Putting data broker reform back into this bill is critical to achieving real privacy reform in the 109th Congress. Of course, it is not the only problem with this weak bill, which broadly preempts stronger state laws. Because HR 4127 could conceivably be sent toward the president after a conference committee with the similarly weakened-in-committee Senate Commerce Committee vehicle, S 1408, it needs to be turned into a real privacy bill first. Since it looks as if the commerce committees are outpacing other committees in moving their bills, improvements must be made now.

We also need to fix the industry-friendly notice triggers in both commerce committee bills and eliminate their sweeping preemption of stronger state laws. S 1408 laudably gives consumers a federal right to freeze access to their credit reports, but eliminates several stronger state security freeze laws, especially New Jersey's (previous blog).
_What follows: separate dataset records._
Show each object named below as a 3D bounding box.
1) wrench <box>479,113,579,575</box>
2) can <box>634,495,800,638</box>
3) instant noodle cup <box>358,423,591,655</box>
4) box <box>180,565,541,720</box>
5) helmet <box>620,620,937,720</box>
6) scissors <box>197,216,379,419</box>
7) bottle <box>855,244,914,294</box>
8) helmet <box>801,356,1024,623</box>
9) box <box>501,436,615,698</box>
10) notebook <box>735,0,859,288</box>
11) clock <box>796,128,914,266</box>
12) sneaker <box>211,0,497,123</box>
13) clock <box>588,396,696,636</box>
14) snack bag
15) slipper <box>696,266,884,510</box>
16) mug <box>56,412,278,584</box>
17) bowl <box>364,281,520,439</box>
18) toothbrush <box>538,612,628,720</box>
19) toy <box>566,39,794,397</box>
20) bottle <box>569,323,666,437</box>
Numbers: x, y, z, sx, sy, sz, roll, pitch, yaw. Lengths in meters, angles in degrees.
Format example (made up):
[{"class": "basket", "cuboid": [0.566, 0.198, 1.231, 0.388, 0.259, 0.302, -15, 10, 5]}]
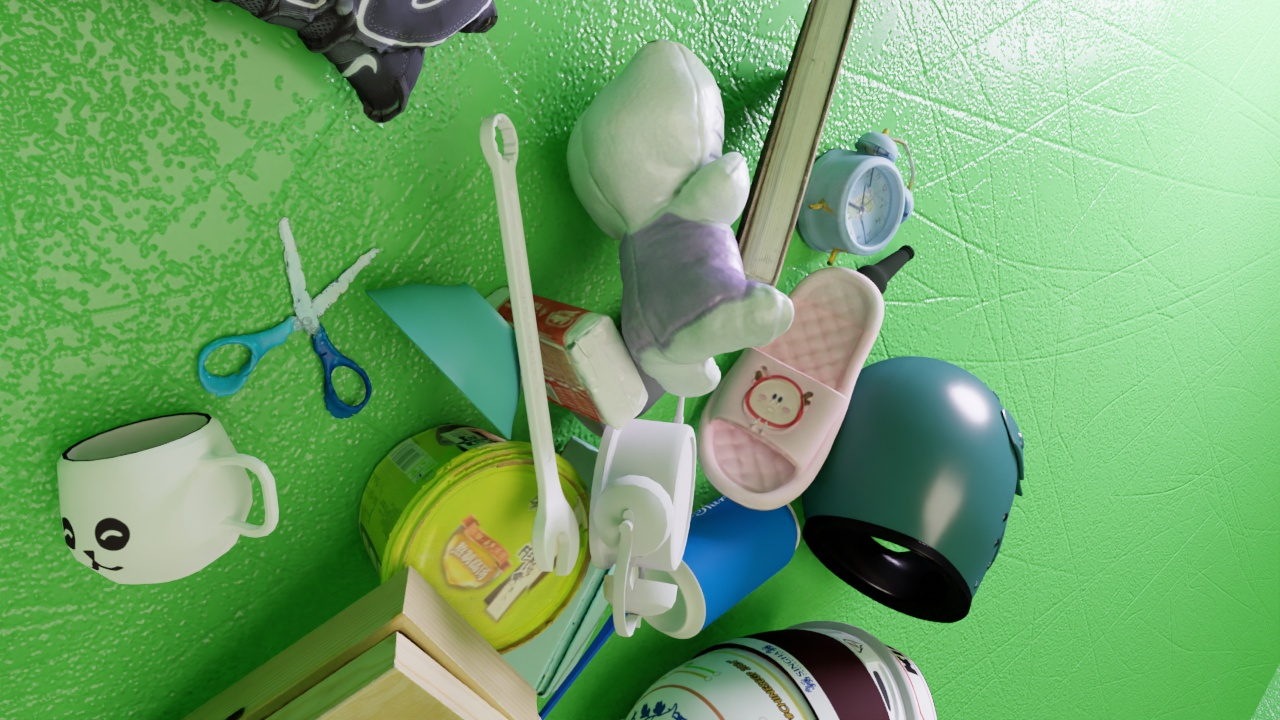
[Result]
[{"class": "wrench", "cuboid": [-0.064, -0.003, 0.533, 0.047, 0.009, 0.273, -31, 116, -67]}, {"class": "can", "cuboid": [0.061, 0.160, 0.749, 0.145, 0.079, 0.079, -23, 118, -43]}, {"class": "instant noodle cup", "cuboid": [-0.112, 0.112, 0.602, 0.146, 0.098, 0.146, -12, 112, -33]}, {"class": "box", "cuboid": [-0.192, 0.244, 0.520, 0.249, 0.091, 0.128, -33, 111, 7]}, {"class": "helmet", "cuboid": [0.084, 0.356, 0.747, 0.235, 0.231, 0.314, 23, 95, -37]}, {"class": "scissors", "cuboid": [-0.197, -0.016, 0.552, 0.127, 0.014, 0.127, -52, 125, -16]}, {"class": "bottle", "cuboid": [0.203, -0.068, 0.824, 0.122, 0.033, 0.033, -36, 124, -23]}, {"class": "helmet", "cuboid": [0.256, 0.106, 0.832, 0.275, 0.177, 0.199, 49, 58, -46]}, {"class": "box", "cuboid": [-0.055, 0.158, 0.707, 0.187, 0.078, 0.112, -63, 159, -1]}, {"class": "notebook", "cuboid": [0.099, -0.132, 0.665, 0.034, 0.190, 0.215, 17, 83, 2]}, {"class": "clock", "cuboid": [0.188, -0.139, 0.776, 0.124, 0.052, 0.089, -39, 123, -20]}, {"class": "sneaker", "cuboid": [-0.171, -0.189, 0.461, 0.251, 0.097, 0.151, -28, 123, -33]}, {"class": "clock", "cuboid": [-0.003, 0.101, 0.596, 0.158, 0.061, 0.120, -72, 164, -47]}, {"class": "snack bag", "cuboid": [-0.052, -0.003, 0.598, 0.036, 0.116, 0.077, -43, 127, -24]}, {"class": "slipper", "cuboid": [0.122, 0.015, 0.745, 0.221, 0.107, 0.056, -58, 159, -14]}, {"class": "mug", "cuboid": [-0.239, 0.074, 0.480, 0.090, 0.124, 0.076, -42, 126, -64]}, {"class": "bowl", "cuboid": [-0.104, -0.012, 0.547, 0.046, 0.121, 0.121, -44, 127, -9]}, {"class": "toothbrush", "cuboid": [-0.026, 0.213, 0.729, 0.186, 0.017, 0.011, -44, 120, -36]}, {"class": "toy", "cuboid": [0.011, -0.086, 0.564, 0.085, 0.138, 0.209, -6, 70, -27]}, {"class": "bottle", "cuboid": [-0.004, 0.004, 0.673, 0.108, 0.060, 0.060, -45, 127, -17]}]
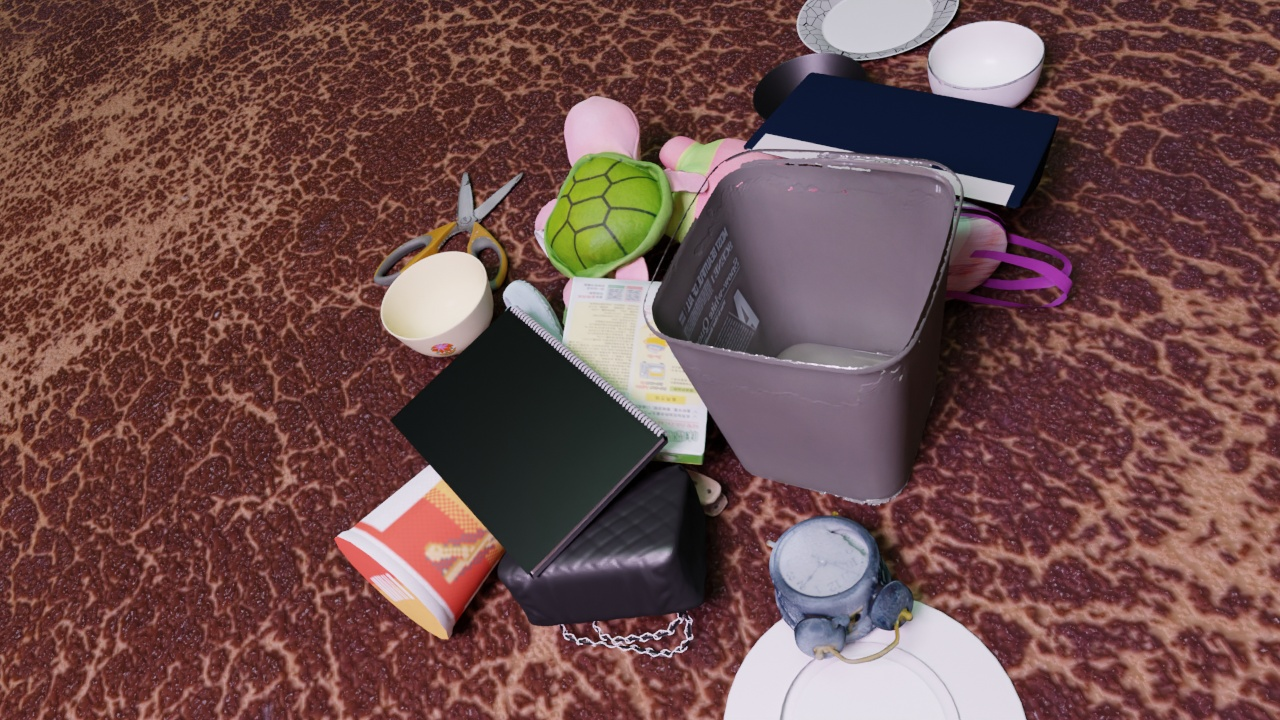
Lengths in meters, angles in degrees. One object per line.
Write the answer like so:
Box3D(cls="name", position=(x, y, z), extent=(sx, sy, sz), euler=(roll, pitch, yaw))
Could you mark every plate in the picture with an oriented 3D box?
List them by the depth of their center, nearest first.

In a post on a new Microsoft privacy proposal over at Concurringopinions.com, law professor Daniel Solove articulates why the door to state action must be left open. It's recommended reading. I will comment on the Microsoft proposal in a future post.

Some would say, "Why aren't you for incremental change? Breach notices today, more privacy protection tomorrow?" That's not the way the world works in consumer protection and industry knows it, so I am not telling them anything they don't already know. Their goal is always to strip real consumer protection and enforcement out of any bill that might move, insist on the weakest federal bill possible and still demand state preemption as if it is a birthright.

The only time Congress acts to protect consumers is when there is a big scandal (think Enron and Worldcom, as Enron wasn't enough) or when the states show the way.

HR 4127 perversely responds to the data broker scandal by ignoring it, while showing the states the door, so they can no longer show the way.